On 6 May 1994 at a concert in Carnegie Hall, filled to capacity, the audience joined Farandouri in singing the ballad. There are editions of these songs in Hebrew and several other languages. Already in 1967, on Theodorakis' request, Liesbeth List sung the Mauthausen cycle in Dutch in Liesbeth List zingt Theodorakis, which became a platinum disc.

==World premiere and anniversaries==
In May 1988, the world premiere of the "Mauthausen Trilogy", described as a "landmark concert", took place with Mikis Theodorakis conducting at the Mauthausen concentration camp in Austria. The concert was attended by Austrian chancellor Franz Vranitzky along with tens of thousands of people from across Europe. Iakovos Kambanellis was also present. The ballad was sung by Maria Farandouri in Greek, Elinoar Moav Veniadi in Hebrew, Nadia Weinberg in English, and by East-German singer Gisela May in German.

In May 1995, a repeat concert at Mauthausen camp took place to mark the 50th anniversary of the liberation of the camp conducted again by Theodorakis, which was also attended by chancellor Vranitzky and Simon Wiesenthal, who held a speech during the event.
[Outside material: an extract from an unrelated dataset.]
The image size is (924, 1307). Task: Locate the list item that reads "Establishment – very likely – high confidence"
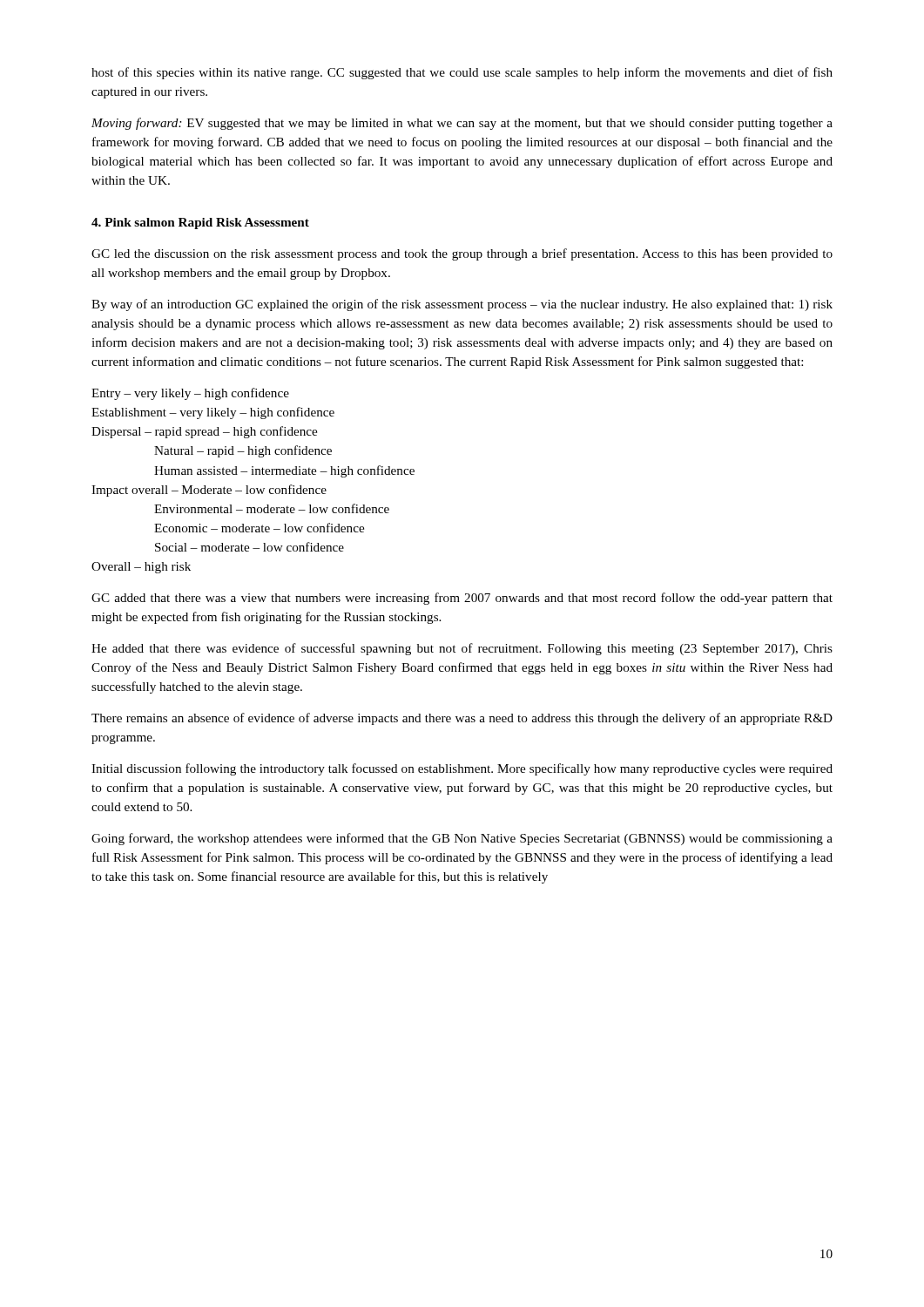point(213,412)

Maria Farandouri was the performer of the songs at that concert as well.

On 10 May 2015, the ballad of Theodorakis was played in a ceremony at the Greek memorial of Mauthausen honouring the memory of the 3,700 Greek victims of the Holocaust with Zoe Konstantopoulou attending as speaker of the Hellenic Parliament on the occasion of the 70th anniversary of the liberation of the camp. Delegations from other European states and thousands of Europeans also attended ceremonies at the memorials of their individual countries.

In October 2015 the municipality of Larissa in Greece included the performance of Theodorakis's ballad as part of a five-day celebration commemorating the liberation of the city from the Nazi occupation.

==Wider impact==
The song "Antonis" from the ballad has been used by the Kurds as musical background in a video showing Kurdish women fighting at Kobanî during the Syrian Civil War. The song was also sung by the residents of Kabul in 2001 as they greeted troops of the Northern Alliance in Afghanistan entering the city and expelling the Taliban. The aria of "Antonis" was the music theme of Costa-Gavras's 1969 film Z, whose soundtrack won a BAFTA Award for Best Film Music in 1970.

"Antonis" was also chosen as the background music for a pre-election advertising spot of Syriza, a fact criticised by the newspapers because the name "Antonis" was that of the New Democracy leader at the time, Antonis Samaras, and the lyrics depict Antonis as a heroic figure who challenges anyone to fight with him on the marble threshing-floor. The title of one newspaper article translates as: "[Elena] Akrita: Did anyone at Syriza pay attention to the lyrics of the piece they chose for their [advertising] spot?" and the other: "Unfortunate selection of music in Syriza's [advertising] spot".

==Theatrical play==
A theatrical play based on the Trilogy premiered in Athens on 6 December 2012 featuring the music of Mikis Theodorakis and Gustav Mahler. The work appeared at the Badminton Theater in Athens under the title Mauthausen. Theodorakis had granted permission for the use of his work during the play.